Although the Heritage Foundation put its stamp on Georgia’s new electoral law, the impact among GOP members will continue to flow into the upcoming primary with former US Senator David Perdue at Trump’s urging against Governor Brian Kemp in the Republican primary.
And in the starting blocks, Democrat Stacey Abrams is waiting for the winner of what is certain to be a brutal GOP fight, who, as expected, announced that she will wear the standard of her party after narrowly losing to Kemp in 2018.
Rivian’s $ 5 billion investment in electric vehicle manufacturing
At the risk of skewing current developments, one of the biggest economic development announcements of all time for Georgia is the late entry into the most notable milestones of 2021.
Eastern Georgia is set to host an electric vehicle plant, part of a $ 5 billion investment that is expected to create 7,500 jobs over several years after the proposed severing of the ribbon in about two years.

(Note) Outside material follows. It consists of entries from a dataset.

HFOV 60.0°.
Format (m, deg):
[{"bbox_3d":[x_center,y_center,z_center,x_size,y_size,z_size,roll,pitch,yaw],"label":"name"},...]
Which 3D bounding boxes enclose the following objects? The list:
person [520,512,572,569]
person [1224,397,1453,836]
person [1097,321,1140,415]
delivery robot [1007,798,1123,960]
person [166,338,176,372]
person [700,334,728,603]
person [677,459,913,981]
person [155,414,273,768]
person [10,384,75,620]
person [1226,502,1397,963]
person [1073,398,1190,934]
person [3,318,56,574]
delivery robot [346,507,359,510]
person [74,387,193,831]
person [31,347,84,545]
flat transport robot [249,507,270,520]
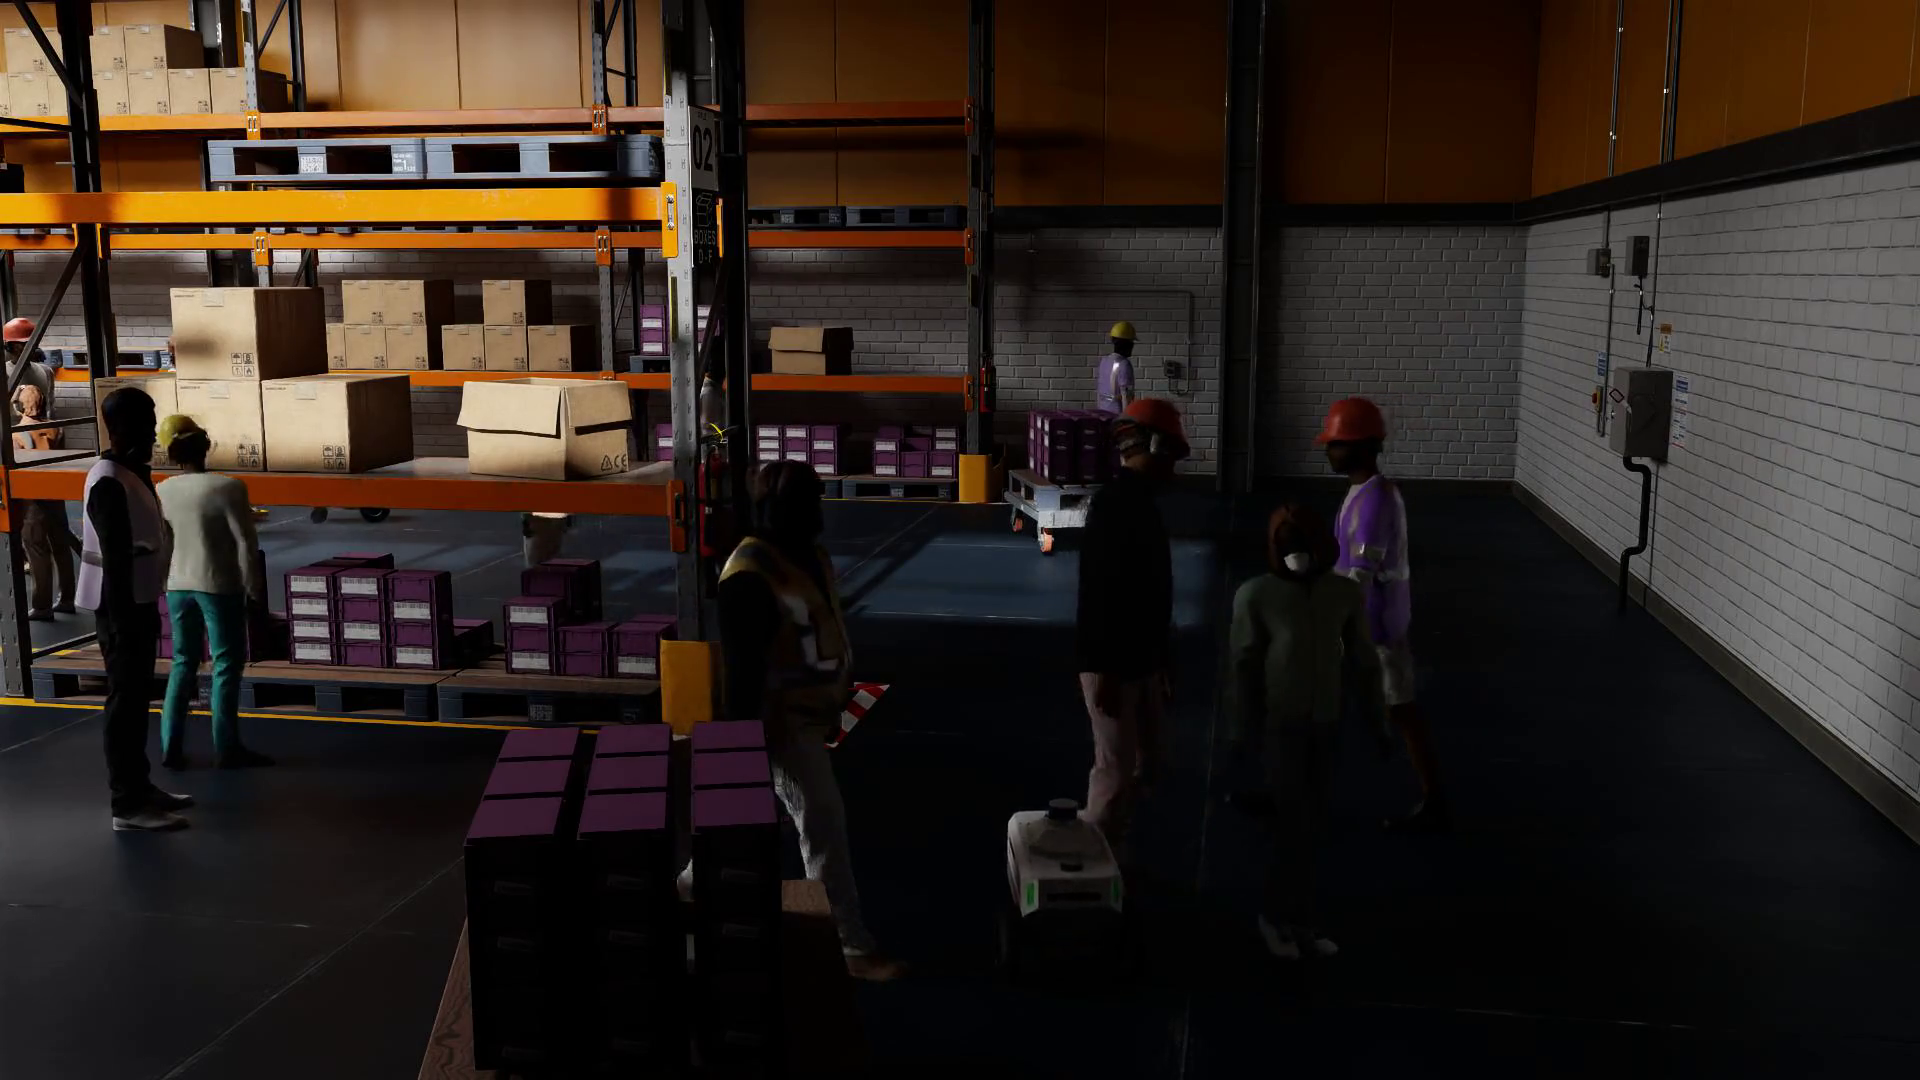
[{"bbox_3d":[-2.684,-0.161,11.000,0.626,1.624,0.523,4,10,23],"label":"person"},{"bbox_3d":[1.668,0.343,7.043,0.989,1.882,0.558,0,9,-1],"label":"person"},{"bbox_3d":[1.576,-1.194,16.451,0.385,1.922,0.594,-4,10,-21],"label":"person"},{"bbox_3d":[0.359,1.153,5.840,0.477,0.478,0.707,0,9,-3],"label":"delivery robot"},{"bbox_3d":[-6.805,-0.911,14.892,0.646,1.854,0.636,7,11,36],"label":"person"},{"bbox_3d":[-1.786,-0.525,12.195,0.388,1.958,0.607,-1,9,-9],"label":"person"},{"bbox_3d":[-0.640,0.606,5.736,0.934,1.804,0.640,2,9,14],"label":"person"},{"bbox_3d":[-3.661,0.269,8.008,0.597,1.729,0.361,3,10,16],"label":"person"},{"bbox_3d":[-6.398,-0.262,11.548,0.310,1.642,0.514,2,9,11],"label":"person"},{"bbox_3d":[1.240,0.676,5.813,0.544,1.615,0.418,-4,10,-25],"label":"person"},{"bbox_3d":[0.586,0.463,6.156,0.413,1.951,0.694,4,10,25],"label":"person"},{"bbox_3d":[-7.475,-0.756,13.364,0.370,2.044,0.608,3,10,19],"label":"person"},{"bbox_3d":[-5.919,-0.501,16.085,0.707,0.478,0.477,-4,10,-19],"label":"delivery robot"},{"bbox_3d":[-3.613,0.296,7.232,0.396,1.917,0.590,-3,10,-18],"label":"person"},{"bbox_3d":[-8.152,-0.788,14.386,0.961,1.788,0.714,-1,9,-7],"label":"person"},{"bbox_3d":[-7.391,-0.258,15.761,0.652,0.197,1.431,7,12,39],"label":"flat transport robot"}]
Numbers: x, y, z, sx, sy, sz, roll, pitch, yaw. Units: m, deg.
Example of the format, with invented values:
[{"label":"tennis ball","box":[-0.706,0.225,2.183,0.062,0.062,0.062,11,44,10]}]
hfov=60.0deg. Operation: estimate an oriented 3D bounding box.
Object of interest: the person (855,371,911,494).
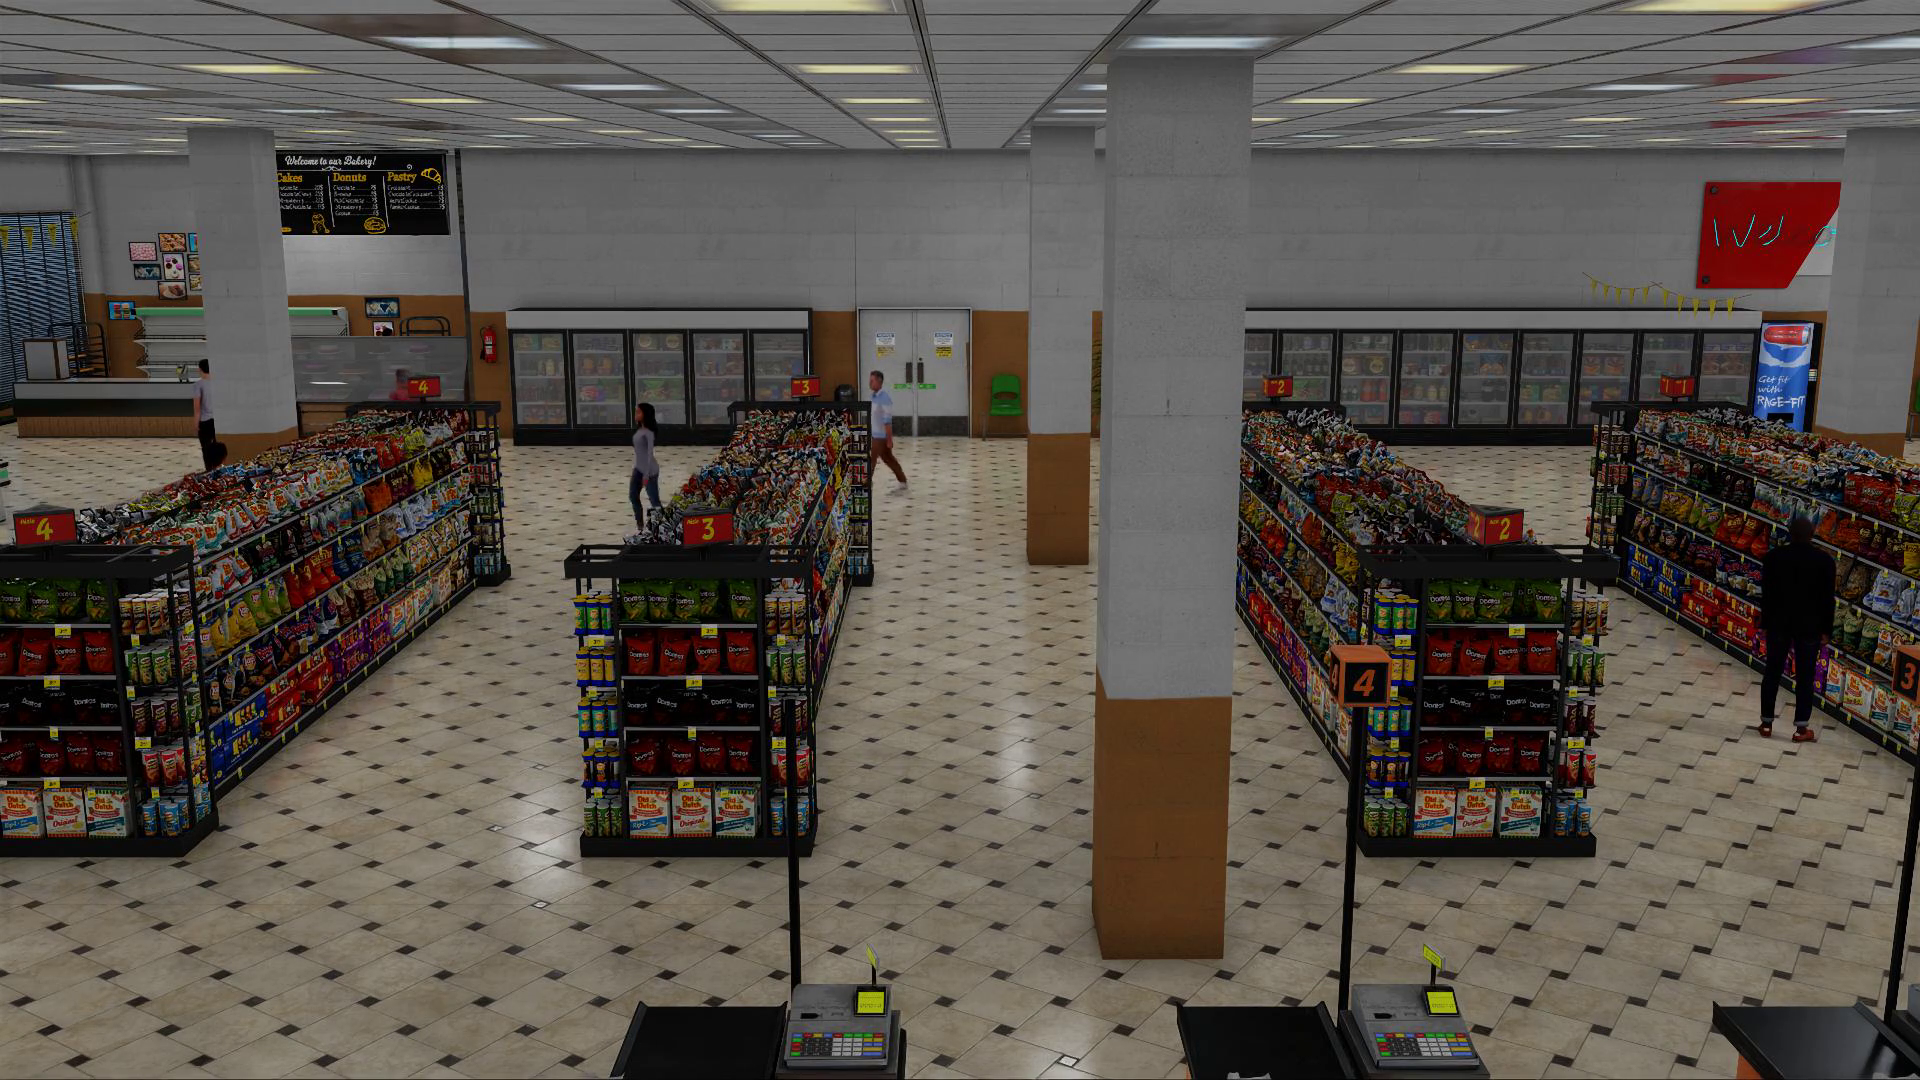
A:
[{"label":"person","box":[-1.056,-1.487,23.635,1.038,1.780,1.234,-4,13,-20]}]

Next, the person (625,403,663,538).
[{"label":"person","box":[-3.804,-0.846,20.734,0.838,1.723,0.774,-6,13,-28]}]

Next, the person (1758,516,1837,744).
[{"label":"person","box":[6.610,0.695,13.184,0.791,1.817,0.811,8,14,35]}]

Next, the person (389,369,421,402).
[{"label":"person","box":[-7.819,-1.498,23.681,1.163,1.784,1.218,7,14,32]}]

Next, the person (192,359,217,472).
[{"label":"person","box":[-11.134,-1.755,24.707,0.798,1.863,0.676,7,14,29]}]
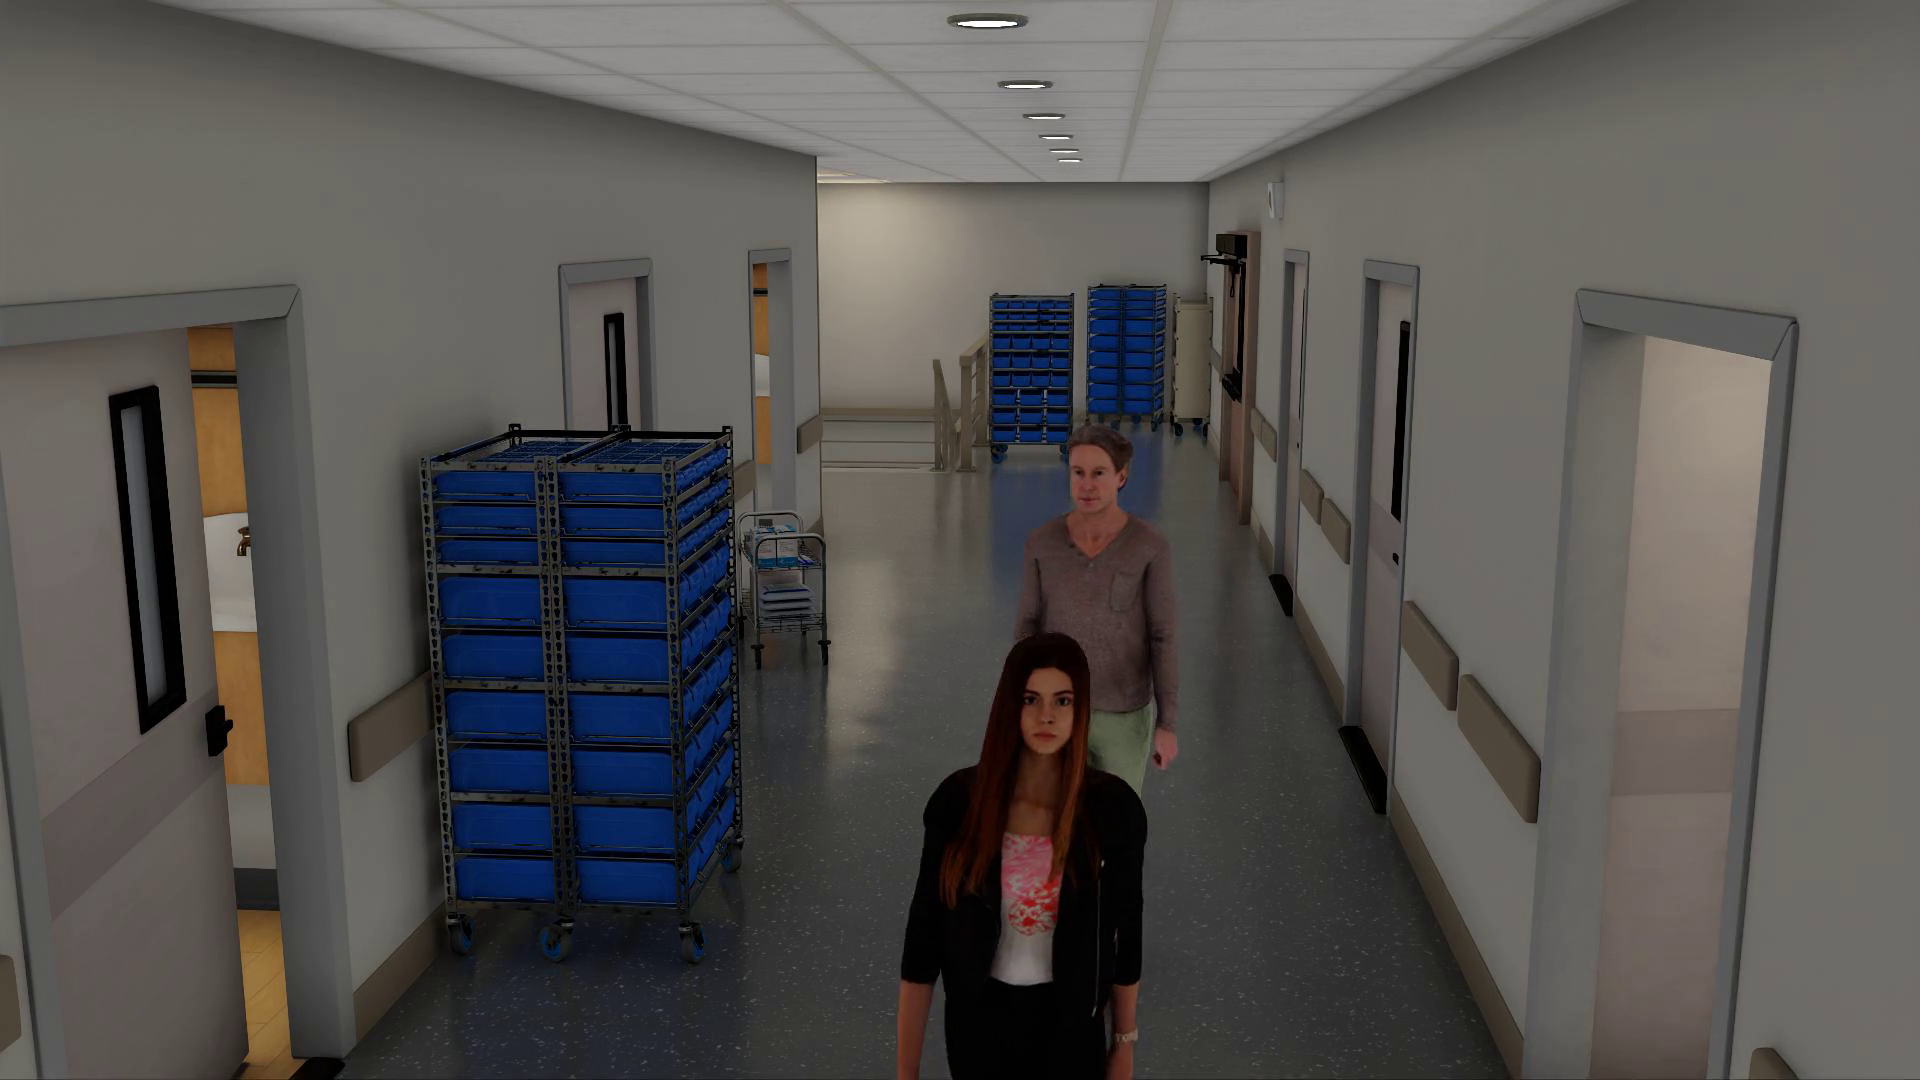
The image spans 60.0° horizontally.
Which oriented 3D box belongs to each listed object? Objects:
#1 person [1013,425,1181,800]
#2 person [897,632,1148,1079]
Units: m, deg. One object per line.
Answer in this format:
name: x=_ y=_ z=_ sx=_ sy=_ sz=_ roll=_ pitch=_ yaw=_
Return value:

The governor and other state officials describe the Rivian car factory as one of the largest single private investments in the state’s history. The plant will be built on 2,000 acres between Counties Morgan and Walton and is expected to produce 400,000 clean energy vehicles per year.
Georgia’s undisclosed tax incentive package was attractive enough to scoop a win over Fort Worth, Texas, which offered the start-up $ 440 million in tax breaks.
In a year tarnished by COVID spikes, bipartisan snipers, and struggles over basic democratic principles, the December news of a new auto plant bows to a, uh, unprecedented year.